Joe Biden has given America a fighting chance to defeat Donald Trump

An older man walks down stairs
‘The welfare of the country relied upon his choice to make this sacrifice, and it is not always clear that he was.’ Photograph: Jacquelyn Martin/AP

The best time for Joe Biden to drop out of the presidential race would have been several weeks ago, in the panicked days after his disastrous debate performance. The American public saw on that stage a man incapable of prosecuting a vigorous campaign against Donald Trump, a would-be dictator, and who was either unable or unwilling to make a reasoned, principled defense of abortion rights, the Democrats’ strongest issue.

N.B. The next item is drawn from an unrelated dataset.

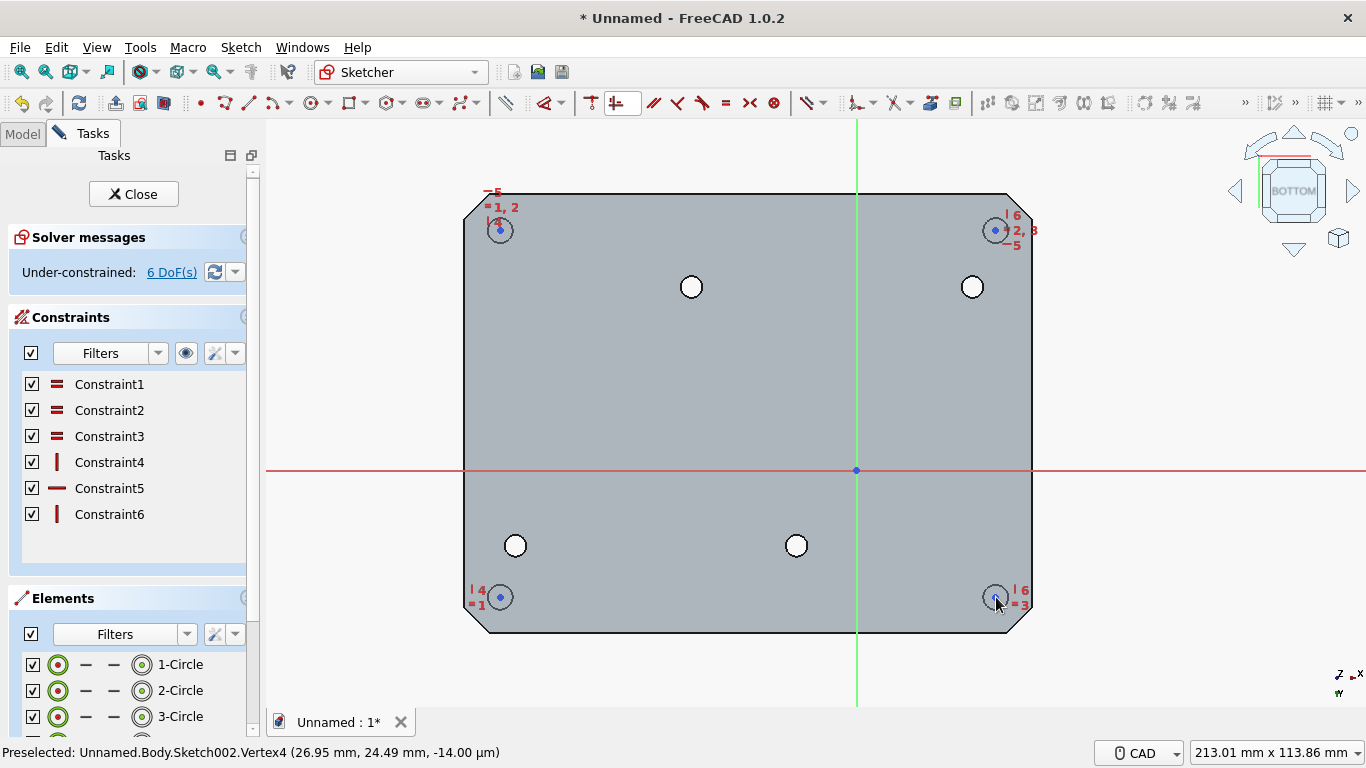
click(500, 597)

The weeks that followed have been filled with hand-wringing from the pundit class, backbiting and dueling leaks to the press from the president’s allies and those Democratic party insiders who wanted him to drop out, and anxiety from the party base and the public, who saw the Democrats’ descending into infighting rather than posing a meaningful alternative to Trumpian authoritarianism. The best time to drop out would have been before all this, when the depth of the concern for Biden’s electoral viability became clear. He could have spared his party, and his country, these weeks of chaos.

The second best time is now. In withdrawing from the presidential race, Biden has given the country a fighting chance to defeat Trump and avert the worst of what the far right has planned for America. He has chosen to preserve the prospect of a Democratic victory in November even at the expense of his own ego, even at the cost of what must be a profound personal humiliation. Many politicians – most conspicuously Trump himself – have made it clear that there is nothing they value more than their own aggrandizement. Biden has shown that there is something he prizes more highly than himself. Whatever you think of Biden the man, it is an honorable gesture that he made on Sunday.

It was also, clearly, not an easy sacrifice to make. The speed and tenor of leaks from both pro- and anti-withdrawal camps within the Democratic party over the past weeks have made it clear that Biden deeply wanted to stay in the race; that he was, for some time, in evident denial about his electoral prospects and resentful about the calls for him to drop out. He withdrew to his beach house over the weekend, where he was reportedly stewing in resentment. It could not have been easy: a confrontation with his own mortality, with the injustice of age, and with the cruel pragmatism of electoral politics.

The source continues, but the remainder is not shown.